Return all of the data exactly as written, without the pictures.

▶ [SUPPLIED DATA]
*** Block opens ***

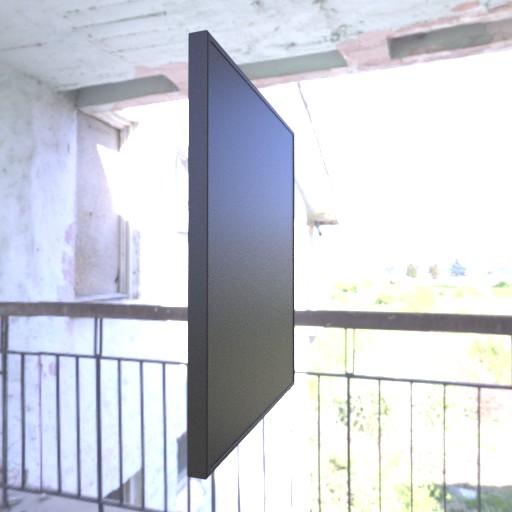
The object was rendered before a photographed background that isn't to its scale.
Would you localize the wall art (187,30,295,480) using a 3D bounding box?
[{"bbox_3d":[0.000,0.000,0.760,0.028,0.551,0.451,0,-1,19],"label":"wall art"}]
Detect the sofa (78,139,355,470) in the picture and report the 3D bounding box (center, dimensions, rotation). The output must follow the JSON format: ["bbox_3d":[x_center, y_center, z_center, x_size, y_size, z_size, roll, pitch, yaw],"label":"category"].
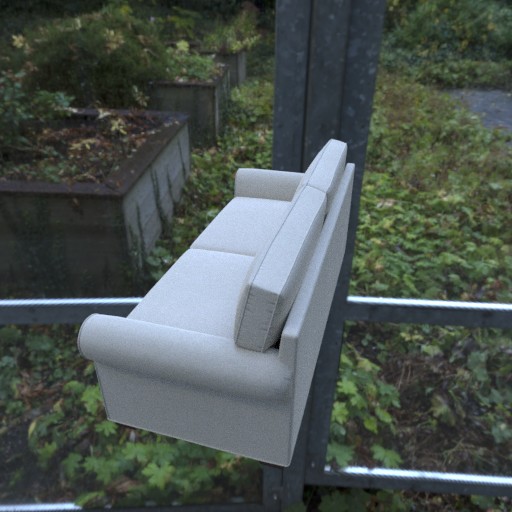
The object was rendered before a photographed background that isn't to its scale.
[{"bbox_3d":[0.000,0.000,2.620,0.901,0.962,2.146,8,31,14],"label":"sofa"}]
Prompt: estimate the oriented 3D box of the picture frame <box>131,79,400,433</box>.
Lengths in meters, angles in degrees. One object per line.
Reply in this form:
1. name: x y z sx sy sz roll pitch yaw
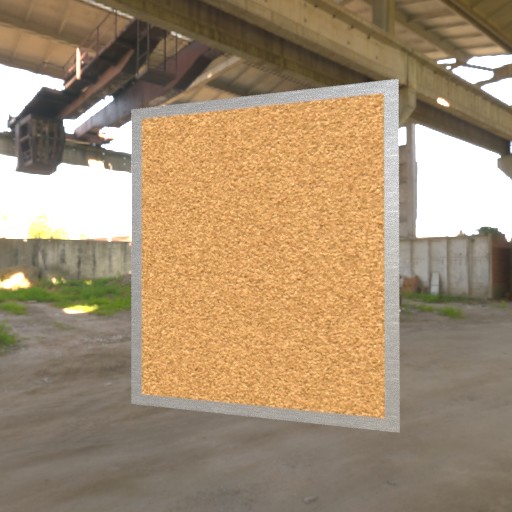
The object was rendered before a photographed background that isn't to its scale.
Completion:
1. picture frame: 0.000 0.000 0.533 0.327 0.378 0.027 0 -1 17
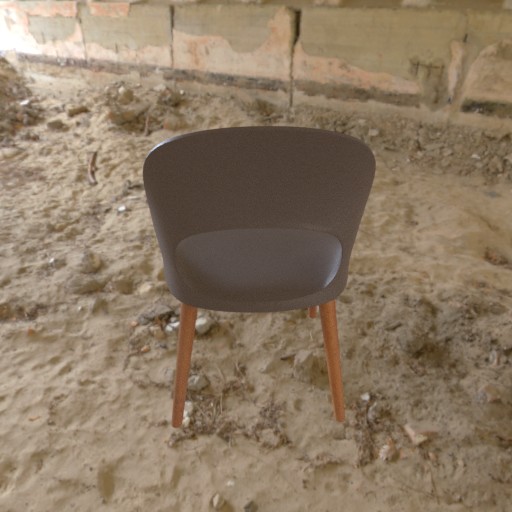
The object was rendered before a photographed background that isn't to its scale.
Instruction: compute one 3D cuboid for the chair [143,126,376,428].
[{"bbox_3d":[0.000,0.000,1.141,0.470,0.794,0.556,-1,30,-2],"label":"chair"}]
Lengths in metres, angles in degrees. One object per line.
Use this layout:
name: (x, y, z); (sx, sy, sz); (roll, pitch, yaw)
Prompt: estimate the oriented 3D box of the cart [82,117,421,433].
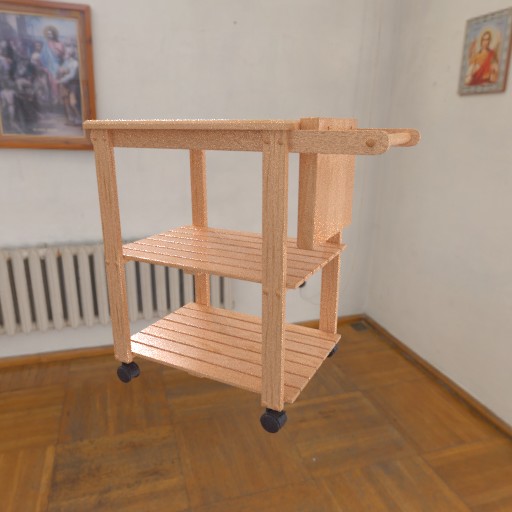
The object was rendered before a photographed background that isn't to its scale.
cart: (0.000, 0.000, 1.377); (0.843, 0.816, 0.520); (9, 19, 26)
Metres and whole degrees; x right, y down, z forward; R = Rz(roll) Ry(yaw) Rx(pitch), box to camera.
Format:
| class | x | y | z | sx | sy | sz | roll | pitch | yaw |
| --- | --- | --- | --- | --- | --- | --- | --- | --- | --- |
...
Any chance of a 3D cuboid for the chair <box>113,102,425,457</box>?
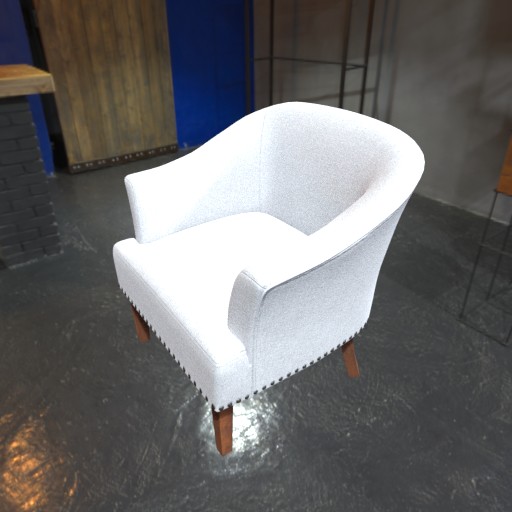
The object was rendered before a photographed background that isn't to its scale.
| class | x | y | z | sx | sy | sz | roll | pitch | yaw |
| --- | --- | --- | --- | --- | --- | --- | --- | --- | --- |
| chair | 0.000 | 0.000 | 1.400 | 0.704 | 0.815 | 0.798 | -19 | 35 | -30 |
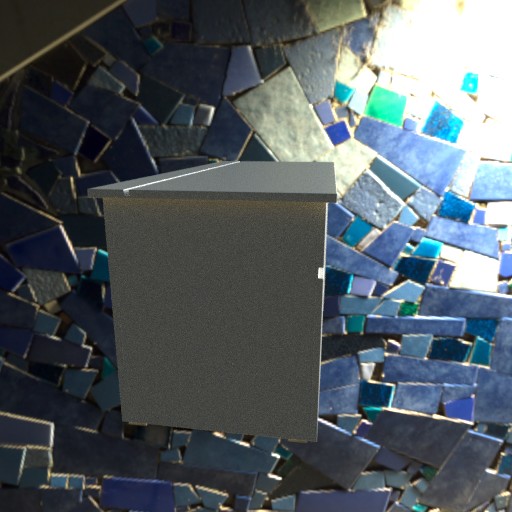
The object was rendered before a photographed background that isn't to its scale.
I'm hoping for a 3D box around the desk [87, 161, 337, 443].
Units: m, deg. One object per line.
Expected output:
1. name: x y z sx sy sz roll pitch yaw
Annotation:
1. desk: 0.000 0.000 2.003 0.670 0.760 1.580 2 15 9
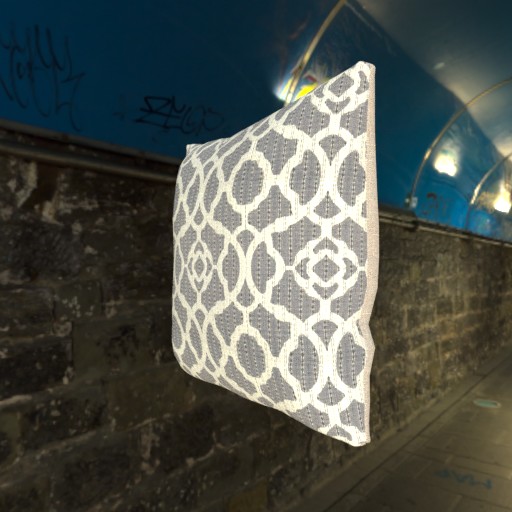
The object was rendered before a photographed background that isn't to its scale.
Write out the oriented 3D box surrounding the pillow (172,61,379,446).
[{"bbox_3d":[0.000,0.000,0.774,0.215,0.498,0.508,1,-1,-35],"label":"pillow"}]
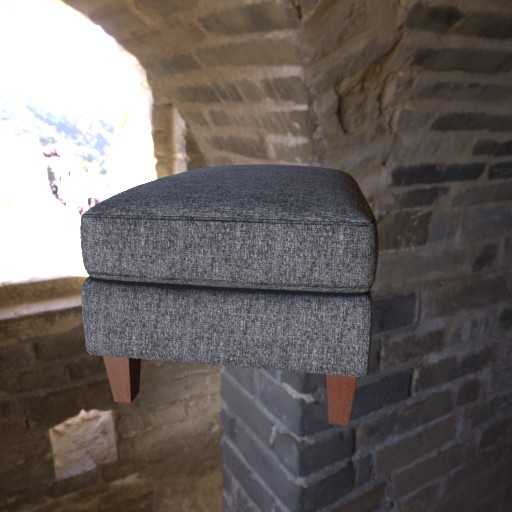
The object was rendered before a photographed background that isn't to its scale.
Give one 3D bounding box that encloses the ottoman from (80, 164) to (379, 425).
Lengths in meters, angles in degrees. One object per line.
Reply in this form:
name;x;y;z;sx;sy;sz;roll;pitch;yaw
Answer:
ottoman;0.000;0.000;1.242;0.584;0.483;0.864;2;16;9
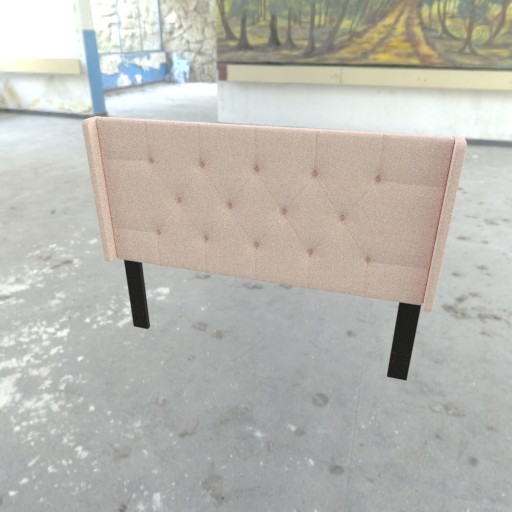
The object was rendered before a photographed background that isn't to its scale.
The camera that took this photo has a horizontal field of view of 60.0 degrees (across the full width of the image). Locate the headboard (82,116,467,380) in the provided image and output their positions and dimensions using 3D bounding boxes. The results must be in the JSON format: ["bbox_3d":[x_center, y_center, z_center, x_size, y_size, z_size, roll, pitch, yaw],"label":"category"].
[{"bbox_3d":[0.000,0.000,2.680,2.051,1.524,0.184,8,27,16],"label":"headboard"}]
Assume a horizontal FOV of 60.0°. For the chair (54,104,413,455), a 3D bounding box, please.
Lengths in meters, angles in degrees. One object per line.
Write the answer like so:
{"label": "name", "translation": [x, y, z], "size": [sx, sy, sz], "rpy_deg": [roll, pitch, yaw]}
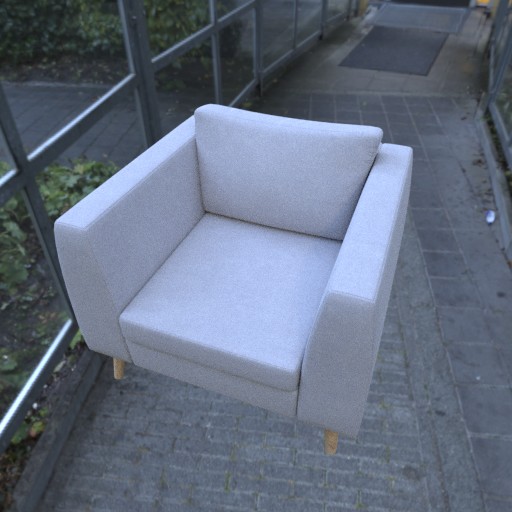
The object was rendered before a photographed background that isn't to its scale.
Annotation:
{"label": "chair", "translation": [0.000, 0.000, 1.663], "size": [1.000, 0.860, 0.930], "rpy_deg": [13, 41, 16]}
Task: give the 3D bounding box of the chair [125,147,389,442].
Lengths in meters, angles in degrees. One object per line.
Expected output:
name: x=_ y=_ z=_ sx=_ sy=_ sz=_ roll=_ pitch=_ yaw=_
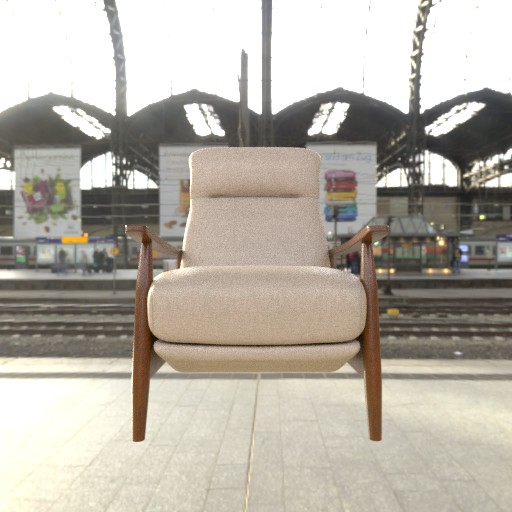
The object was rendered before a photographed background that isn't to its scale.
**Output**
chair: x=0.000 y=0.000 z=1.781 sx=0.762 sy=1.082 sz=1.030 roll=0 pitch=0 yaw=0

*** Block closes ***

▶ [ANSWER]
The object was rendered before a photographed background that isn't to its scale.
Would you localize the wall art (187,30,295,480) using a 3D bounding box?
[{"bbox_3d":[0.000,0.000,0.760,0.028,0.551,0.451,0,-1,19],"label":"wall art"}]
Detect the sofa (78,139,355,470) in the picture and report the 3D bounding box (center, dimensions, rotation). The output must follow the JSON format: ["bbox_3d":[x_center, y_center, z_center, x_size, y_size, z_size, roll, pitch, yaw],"label":"category"].
The object was rendered before a photographed background that isn't to its scale.
[{"bbox_3d":[0.000,0.000,2.620,0.901,0.962,2.146,8,31,14],"label":"sofa"}]
Prompt: estimate the oriented 3D box of the picture frame <box>131,79,400,433</box>.
Lengths in meters, angles in degrees. One object per line.
Reply in this form:
1. name: x y z sx sy sz roll pitch yaw
The object was rendered before a photographed background that isn't to its scale.
Completion:
1. picture frame: 0.000 0.000 0.533 0.327 0.378 0.027 0 -1 17
The object was rendered before a photographed background that isn't to its scale.
Instruction: compute one 3D cuboid for the chair [143,126,376,428].
[{"bbox_3d":[0.000,0.000,1.141,0.470,0.794,0.556,-1,30,-2],"label":"chair"}]
Lengths in metres, angles in degrees. One object per line.
Use this layout:
name: (x, y, z); (sx, sy, sz); (roll, pitch, yaw)
Prompt: estimate the oriented 3D box of the cart [82,117,421,433].
The object was rendered before a photographed background that isn't to its scale.
cart: (0.000, 0.000, 1.377); (0.843, 0.816, 0.520); (9, 19, 26)
Metres and whole degrees; x right, y down, z forward; R = Rz(roll) Ry(yaw) Rx(pitch), box to camera.
Format:
| class | x | y | z | sx | sy | sz | roll | pitch | yaw |
| --- | --- | --- | --- | --- | --- | --- | --- | --- | --- |
...
Any chance of a 3D cuboid for the chair <box>113,102,425,457</box>?
The object was rendered before a photographed background that isn't to its scale.
| class | x | y | z | sx | sy | sz | roll | pitch | yaw |
| --- | --- | --- | --- | --- | --- | --- | --- | --- | --- |
| chair | 0.000 | 0.000 | 1.400 | 0.704 | 0.815 | 0.798 | -19 | 35 | -30 |
The object was rendered before a photographed background that isn't to its scale.
I'm hoping for a 3D box around the desk [87, 161, 337, 443].
Units: m, deg. One object per line.
Expected output:
1. name: x y z sx sy sz roll pitch yaw
Annotation:
1. desk: 0.000 0.000 2.003 0.670 0.760 1.580 2 15 9
The object was rendered before a photographed background that isn't to its scale.
Write out the oriented 3D box surrounding the pillow (172,61,379,446).
[{"bbox_3d":[0.000,0.000,0.774,0.215,0.498,0.508,1,-1,-35],"label":"pillow"}]
The object was rendered before a photographed background that isn't to its scale.
Give one 3D bounding box that encloses the ottoman from (80, 164) to (379, 425).
Lengths in meters, angles in degrees. One object per line.
Reply in this form:
name;x;y;z;sx;sy;sz;roll;pitch;yaw
Answer:
ottoman;0.000;0.000;1.242;0.584;0.483;0.864;2;16;9
The object was rendered before a photographed background that isn't to its scale.
The camera that took this photo has a horizontal field of view of 60.0 degrees (across the full width of the image). Locate the headboard (82,116,467,380) in the provided image and output their positions and dimensions using 3D bounding boxes. The results must be in the JSON format: ["bbox_3d":[x_center, y_center, z_center, x_size, y_size, z_size, roll, pitch, yaw],"label":"category"].
[{"bbox_3d":[0.000,0.000,2.680,2.051,1.524,0.184,8,27,16],"label":"headboard"}]
Assume a horizontal FOV of 60.0°. For the chair (54,104,413,455), a 3D bounding box, please.
Lengths in meters, angles in degrees. One object per line.
Write the answer like so:
{"label": "name", "translation": [x, y, z], "size": [sx, sy, sz], "rpy_deg": [roll, pitch, yaw]}
The object was rendered before a photographed background that isn't to its scale.
Annotation:
{"label": "chair", "translation": [0.000, 0.000, 1.663], "size": [1.000, 0.860, 0.930], "rpy_deg": [13, 41, 16]}
Task: give the 3D bounding box of the chair [125,147,389,442].
Lengths in meters, angles in degrees. One object per line.
Expected output:
name: x=_ y=_ z=_ sx=_ sy=_ sz=_ roll=_ pitch=_ yaw=_
The object was rendered before a photographed background that isn't to its scale.
**Output**
chair: x=0.000 y=0.000 z=1.781 sx=0.762 sy=1.082 sz=1.030 roll=0 pitch=0 yaw=0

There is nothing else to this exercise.